Exactly how many lines in this data contain the word "TEXTOS"? Only the number should be given.

==== Source material

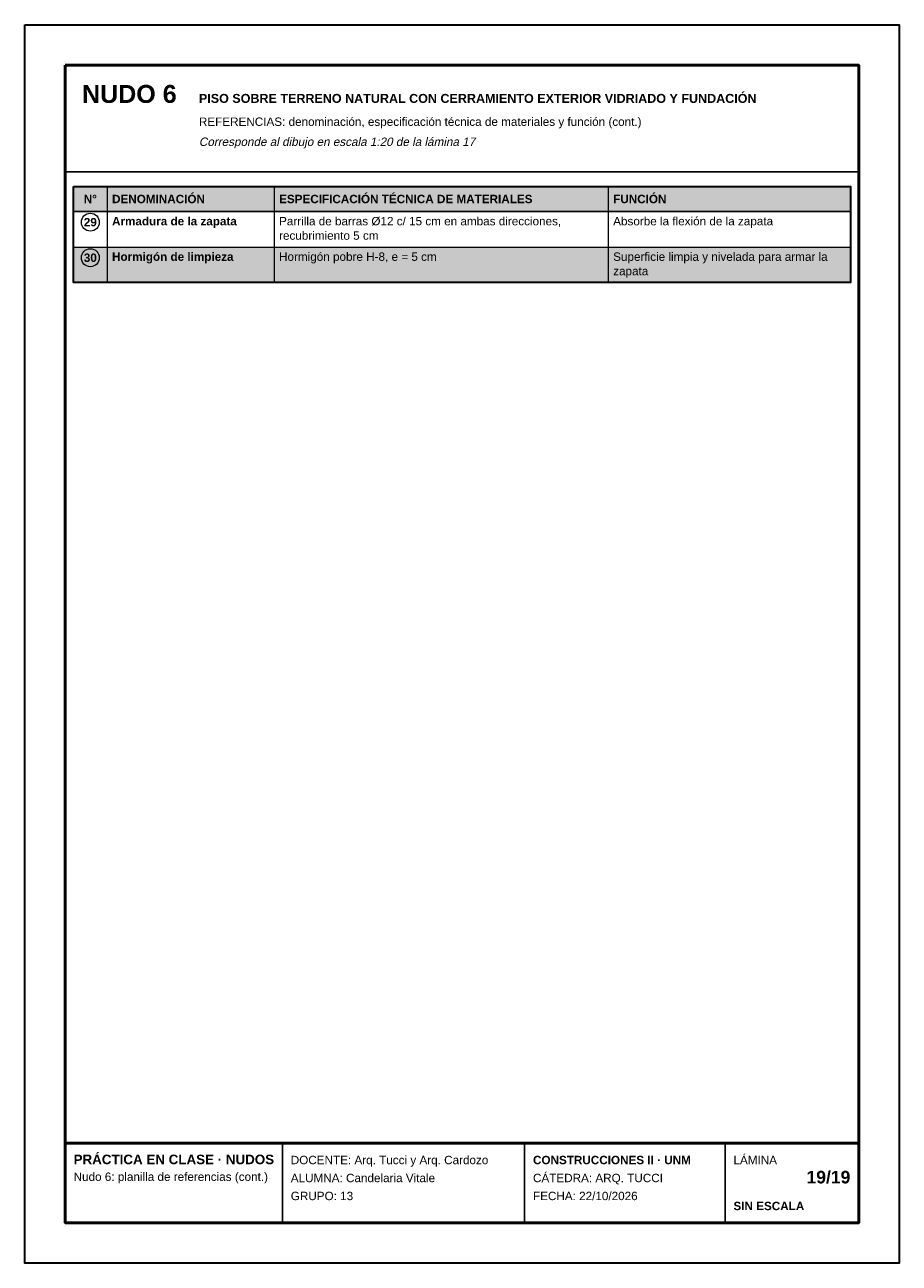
# Model space of a CAD drawing. Header units: millimetres. Extents: x 6 to 4194, y 6 to 5934.
import ezdxf
from ezdxf.enums import TextEntityAlignment as Align

# ---------------------------------------------------------------- set-up
doc = ezdxf.new("R2010")
doc.units = ezdxf.units.MM
doc.header["$LTSCALE"] = 20
for name, color, linetype in [('X-MARCO', 7, 'Continuous'), ('X-ROTULO', 7, 'Continuous'), ('X-TABLA', 7, 'Continuous'), ('X-TEXTOS', 7, 'Continuous')]:
    doc.layers.add(name, color=color, linetype=linetype)
doc.styles.add('ARIAL', font='arial.ttf')
doc.styles.add('ARIAL-B', font='arialbd.ttf')

msp = doc.modelspace()

# ---------------------------------------------------------------- hatches: boundary and pattern name
at = {"layer": 'X-TABLA', "true_color": 0xd9d9d9}
h = msp.add_hatch(color=254, dxfattribs=at)
h.dxf.hatch_style = 1
h.paths.add_polyline_path([(240, 5160), (3960, 5160), (3960, 5040), (240, 5040)])
at = {"layer": 'X-TABLA', "true_color": 0xf2f2f2}
h = msp.add_hatch(color=7, dxfattribs=at)
h.dxf.hatch_style = 1
h.paths.add_polyline_path([(240, 4870), (3960, 4870), (3960, 4700), (240, 4700)])

# ---------------------------------------------------------------- linework, layer by layer
at = {"layer": 'X-MARCO', "lineweight": 30}
msp.add_lwpolyline([(6, 5934), (4194, 5934), (4194, 6), (6, 6)], close=True, dxfattribs=at)
at = {"layer": 'X-MARCO', "lineweight": 50}
msp.add_lwpolyline([(200, 5740), (4000, 5740), (4000, 200), (200, 200)], close=True, dxfattribs=at)
at = {"layer": 'X-ROTULO', "lineweight": 50}
msp.add_lwpolyline([(200, 580), (4000, 580), (4000, 200), (200, 200)], close=True, dxfattribs=at)
at = {"layer": 'X-ROTULO', "lineweight": 25}
for points in [[(1240, 580), (1240, 200)], [(2400, 580), (2400, 200)], [(3360, 580), (3360, 200)]]:
    msp.add_lwpolyline(points, dxfattribs=at)
at = {"layer": 'X-TABLA', "lineweight": 25}
msp.add_lwpolyline([(240, 5160), (3960, 5160), (3960, 5040), (240, 5040)], close=True, dxfattribs=at)
at = {"layer": 'X-TABLA', "lineweight": 30}
msp.add_lwpolyline([(240, 5160), (3960, 5160), (3960, 4700), (240, 4700)], close=True, dxfattribs=at)
at = {"layer": 'X-TABLA', "lineweight": 13}
for points in [[(400, 5160), (400, 4700)], [(1200, 5160), (1200, 4700)], [(2800, 5160), (2800, 4700)], [(240, 4870), (3960, 4870)], [(240, 4700), (3960, 4700)]]:
    msp.add_lwpolyline(points, dxfattribs=at)
at = {"layer": 'X-TABLA', "lineweight": 18}
for centre in [(320, 4989), (320, 4819)]:
    msp.add_circle(centre, 43, dxfattribs=at)
at = {"layer": 'X-TEXTOS', "lineweight": 25}
msp.add_lwpolyline([(200, 5230), (4000, 5230)], dxfattribs=at)

# ---------------------------------------------------------------- texts
at = {"layer": 'X-ROTULO'}
for s, height, style, p in [('PRÁCTICA EN CLASE · NUDOS', 45.824, 'ARIAL-B', (240, 480)), ('DOCENTE: Arq. Tucci y Arq. Cardozo', 40.096, 'ARIAL', (1280, 480)), ('CONSTRUCCIONES II · UNM', 40.096, 'ARIAL-B', (2440, 480)), ('LÁMINA', 40.1, 'ARIAL', (3400, 480)), ('Nudo 6: planilla de referencias (cont.)', 40.096, 'ARIAL', (240, 400)), ('ALUMNA: Candelaria Vitale', 40.096, 'ARIAL', (1280, 394)), ('CÁTEDRA: ARQ. TUCCI', 40.096, 'ARIAL', (2440, 394)), ('GRUPO: 13', 40.1, 'ARIAL', (1280, 308)), ('FECHA: 22/10/2026', 40.096, 'ARIAL', (2440, 308)), ('SIN ESCALA', 40.1, 'ARIAL-B', (3400, 260))]:
    msp.add_text(s, height=height, dxfattribs=dict(at, style=style)).set_placement(p)
at = {"layer": 'X-ROTULO', "style": 'ARIAL-B'}
msp.add_text('19/19', height=60.14, dxfattribs=at).set_placement((3960, 388), align=Align.RIGHT)
at = {"layer": 'X-TABLA', "style": 'ARIAL-B'}
for s, p in [('N°', (320, 5080)), ('29', (320, 4969)), ('30', (320, 4799))]:
    msp.add_text(s, height=40.1, dxfattribs=at).set_placement(p, align=Align.CENTER)
at = {"layer": 'X-TABLA'}
for s, height, style, p in [('DENOMINACIÓN', 40.096, 'ARIAL-B', (424, 5080)), ('ESPECIFICACIÓN TÉCNICA DE MATERIALES', 40.096, 'ARIAL-B', (1224, 5080)), ('FUNCIÓN', 40.1, 'ARIAL-B', (2824, 5080)), ('Armadura de la zapata', 40.096, 'ARIAL-B', (424, 4974)), ('Parrilla de barras Ø12 c/ 15 cm en ambas direcciones,', 40.096, 'ARIAL', (1224, 4974)), ('Absorbe la flexión de la zapata', 40.096, 'ARIAL', (2824, 4974)), ('recubrimiento 5 cm', 40.096, 'ARIAL', (1224, 4905)), ('Hormigón de limpieza', 40.096, 'ARIAL-B', (424, 4804)), ('Hormigón pobre H-8, e = 5 cm', 40.096, 'ARIAL', (1224, 4804)), ('Superficie limpia y nivelada para armar la', 40.096, 'ARIAL', (2824, 4804)), ('zapata', 40.1, 'ARIAL', (2824, 4735))]:
    msp.add_text(s, height=height, dxfattribs=dict(at, style=style)).set_placement(p)
at = {"layer": 'X-TEXTOS'}
for s, height, style, p in [('NUDO 6', 85.92, 'ARIAL-B', (280, 5560)), ('PISO SOBRE TERRENO NATURAL CON CERRAMIENTO EXTERIOR VIDRIADO Y FUNDACIÓN', 42.96, 'ARIAL-B', (840, 5560)), ('REFERENCIAS: denominación, especificación técnica de materiales y función (cont.)', 40.096, 'ARIAL', (840, 5450))]:
    msp.add_text(s, height=height, dxfattribs=dict(at, style=style)).set_placement(p)
at = {"layer": 'X-TEXTOS', "style": 'ARIAL', "oblique": 12}
msp.add_text('Corresponde al dibujo en escala 1:20 de la lámina 17', height=40.096, dxfattribs=at).set_placement((840, 5354))

doc.saveas('drawing.dxf')

========

§ The completed task: 4